Egypt launches air raids on Libya after Christians killed

CAIRO--Egyptian air force planes on Friday carried out strikes directed at camps in Libya which Cairo says have been training militants who killed dozens of Christians earlier in the day, Egyptian military sources said.


  Egyptian President Abdel Fattah al-Sisi said he had ordered strikes against what he called terrorist camps, declaring in a televised address that states that sponsored terrorism would be punished.

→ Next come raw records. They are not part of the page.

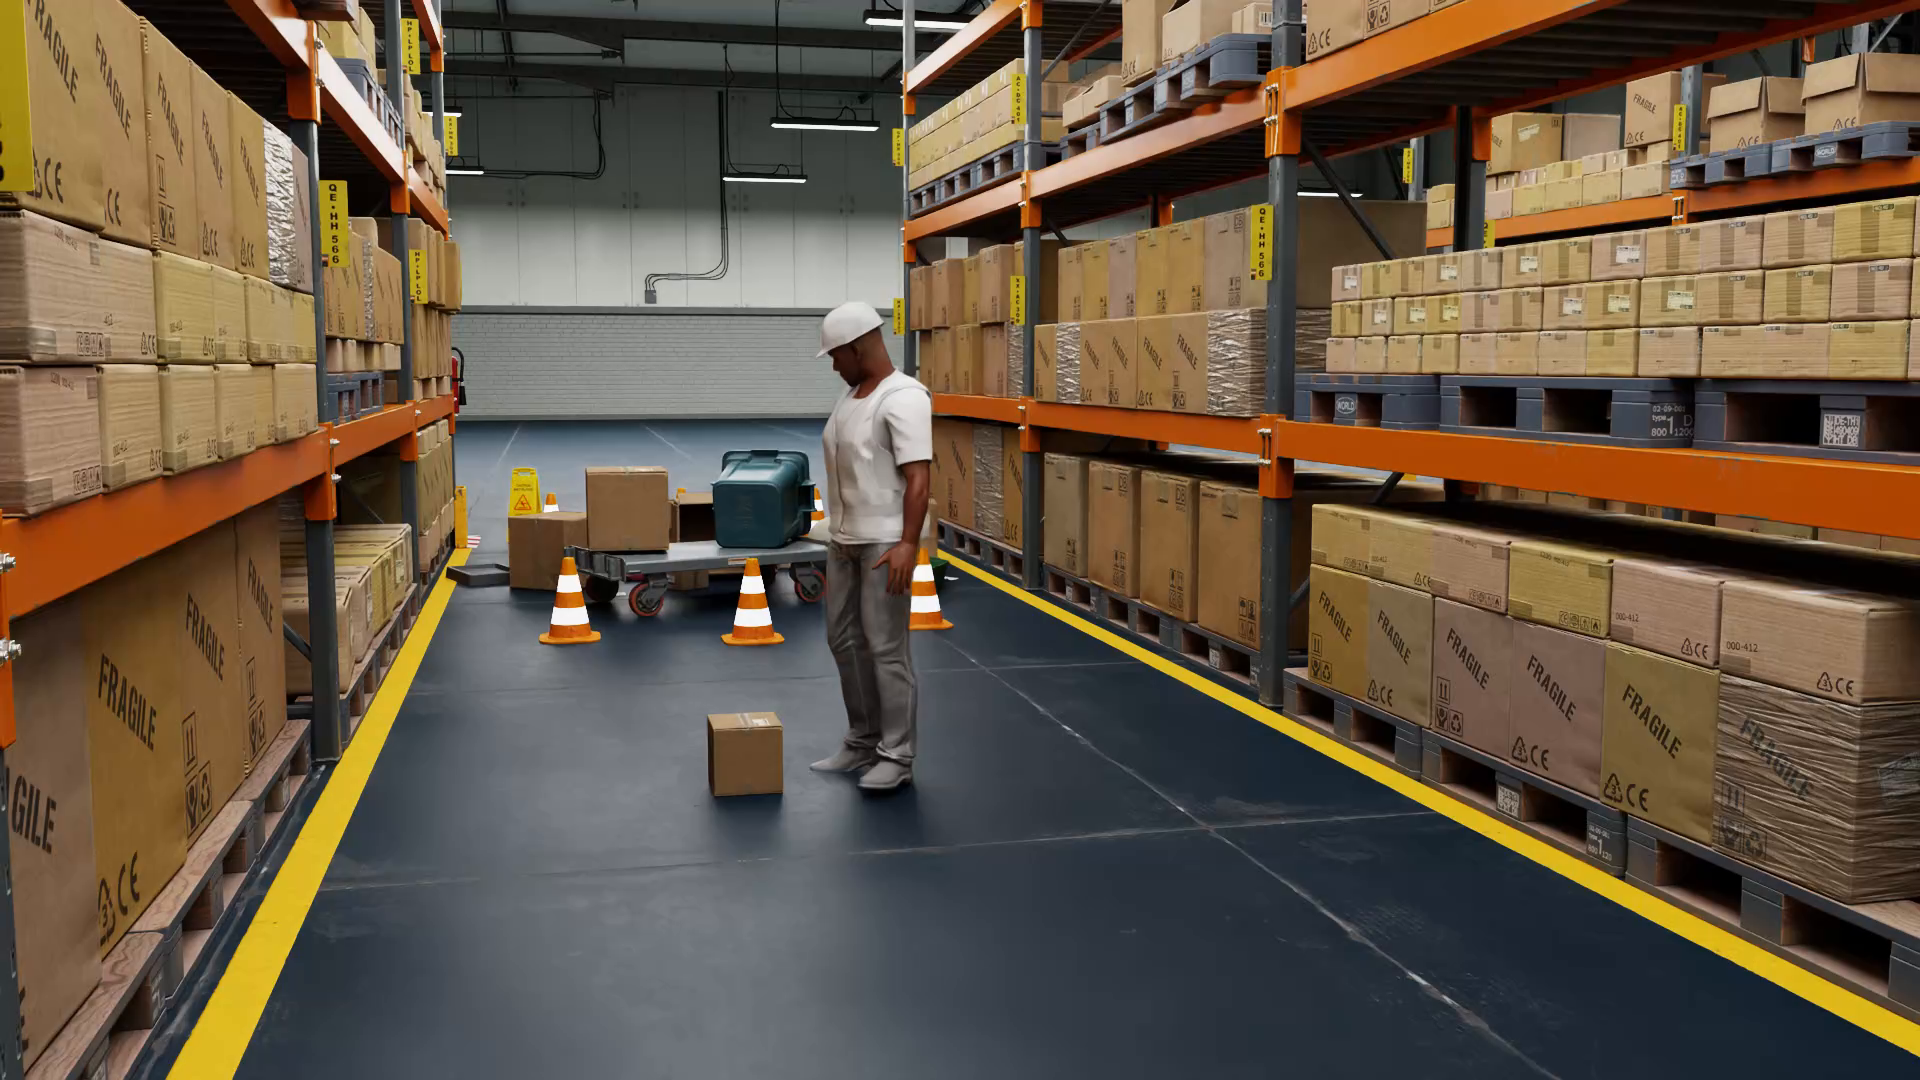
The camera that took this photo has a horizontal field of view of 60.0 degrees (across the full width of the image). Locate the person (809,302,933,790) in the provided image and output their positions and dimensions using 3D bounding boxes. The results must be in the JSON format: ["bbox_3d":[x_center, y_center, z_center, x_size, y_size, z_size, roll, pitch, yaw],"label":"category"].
[{"bbox_3d":[-0.312,0.028,6.121,0.378,1.793,0.678,-4,7,-34],"label":"person"}]
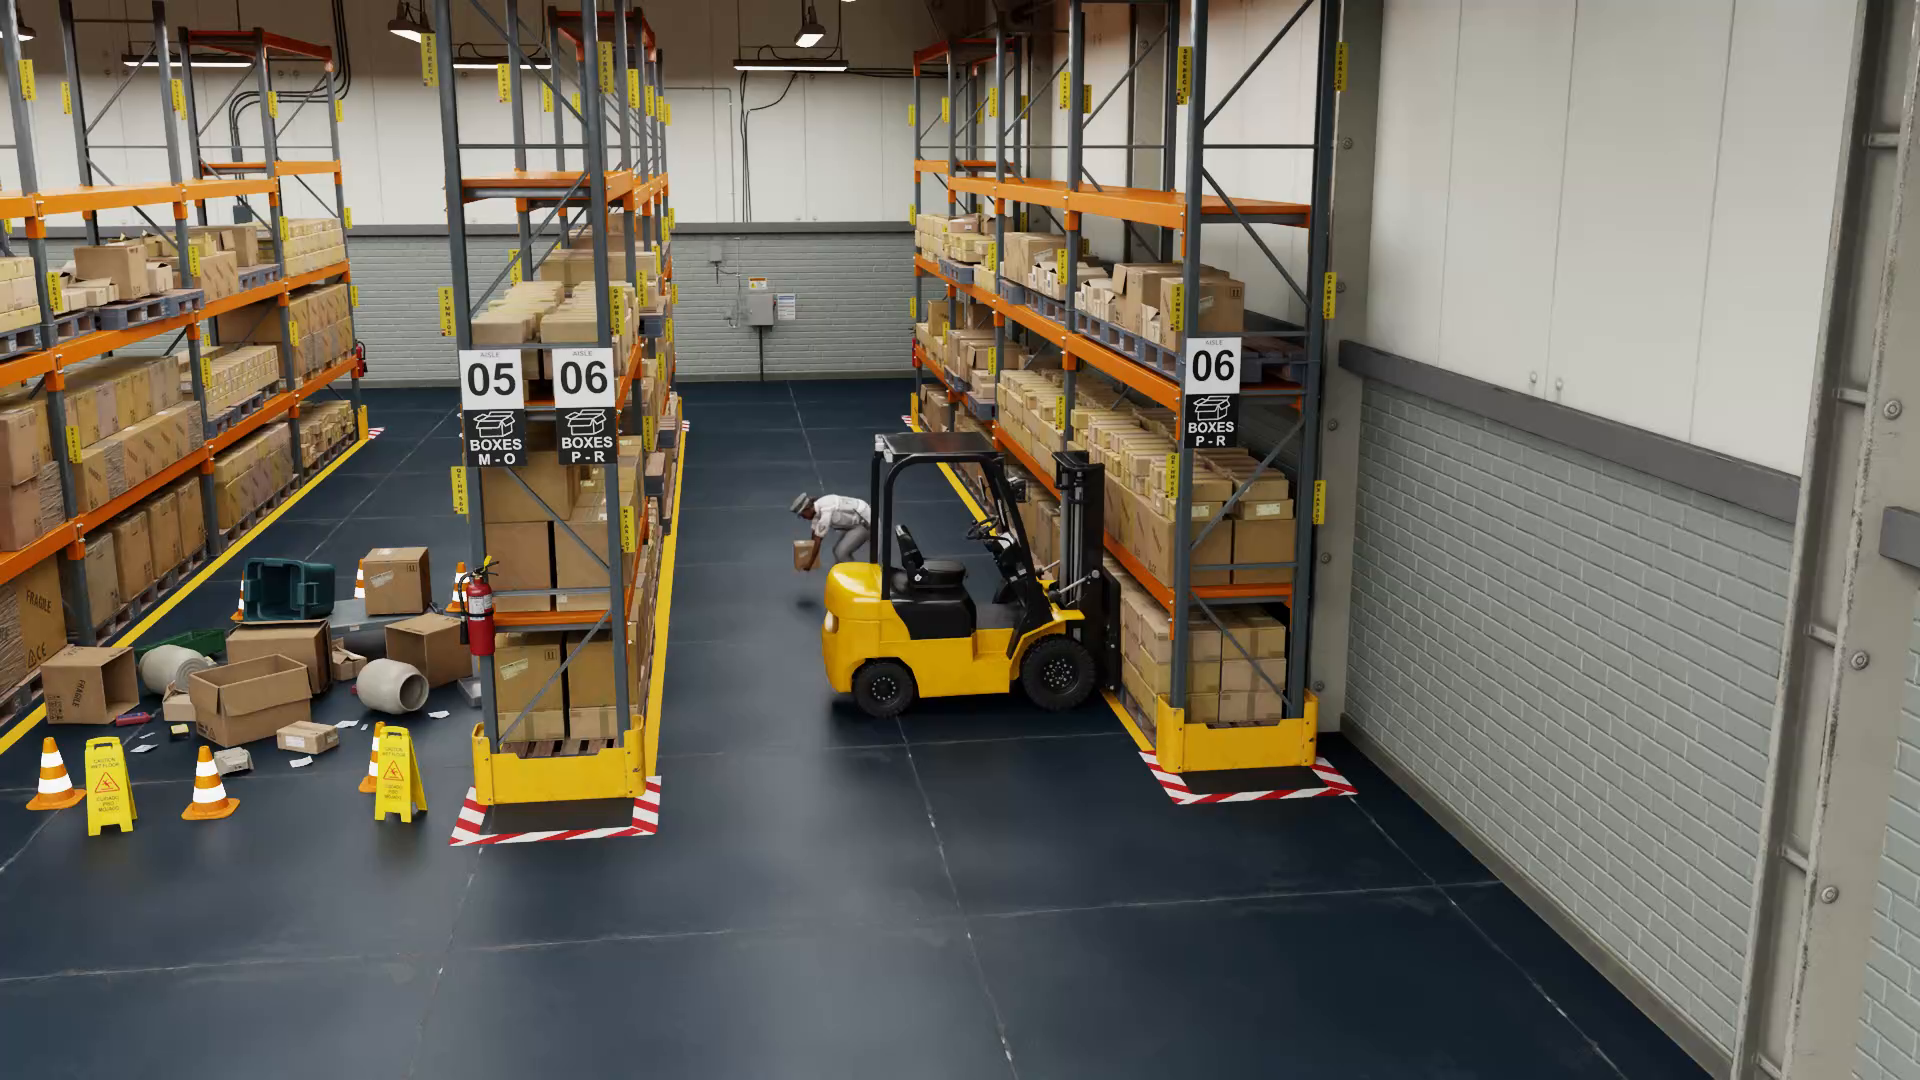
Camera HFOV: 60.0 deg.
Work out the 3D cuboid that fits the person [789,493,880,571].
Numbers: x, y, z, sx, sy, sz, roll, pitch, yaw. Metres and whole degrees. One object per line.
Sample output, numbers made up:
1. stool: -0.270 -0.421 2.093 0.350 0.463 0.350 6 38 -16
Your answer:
1. person: -1.291 0.031 17.136 0.932 1.080 0.445 -3 14 -11

  The sources said six strikes took place near Derna in eastern Libya at around sundown, hours after masked gunmen attacked a group of Coptic Christians travelling to a monastery in central Egypt, killing 29 and wounding 24. The Egyptian military said the operation was ongoing and had been undertaken once it had been ascertained that the camps had produced the gunmen behind the attack on the Coptic Christians in Minya, central Egypt, on Friday morning.
  "The terrorist incident that took place today will not pass unnoticed," Sisi said. "We are currently targeting the camps where the terrorists are trained."
  He said Egypt would not hesitate to carry out further strikes against camps that trained people to carry out operations against Egypt, whether those camps were inside or outside the country. Egyptian military footage of pilots being briefed and war planes taking off was shown on state television.
  East Libyan forces said they participated in the air strikes, which had targeted forces linked to al-Qaeda at a number of sites, and would be followed by a ground operation. A resident in Derna heard four powerful explosions, and told Reuters that the strikes had targeted camps used by fighters belonging to the Majlis al-Shura militant group.
  There was no immediate claim of responsibility for the attack on the Christians, which followed a series of church bombings claimed by Islamic State in a campaign of violence against the Copts. Islamic State supporters reposted videos from earlier this year urging violence against the Copts in Egypt.
  At a nearby village, thousands later attended a funeral service that turned into an angry protest against the authorities' failure to protect Christians. "We will avenge them or die like them," mourners said, while marching with a giant wooden cross.
  Eyewitnesses said masked men opened fire after stopping the Christians, who were in a bus and other vehicles on a desert road. Local TV channels showed a bus apparently raked by gunfire and smeared with blood. Clothes and shoes could be seen lying in and around the bus, while the bodies of some of the victims lay in the sand nearby, covered with black sheets.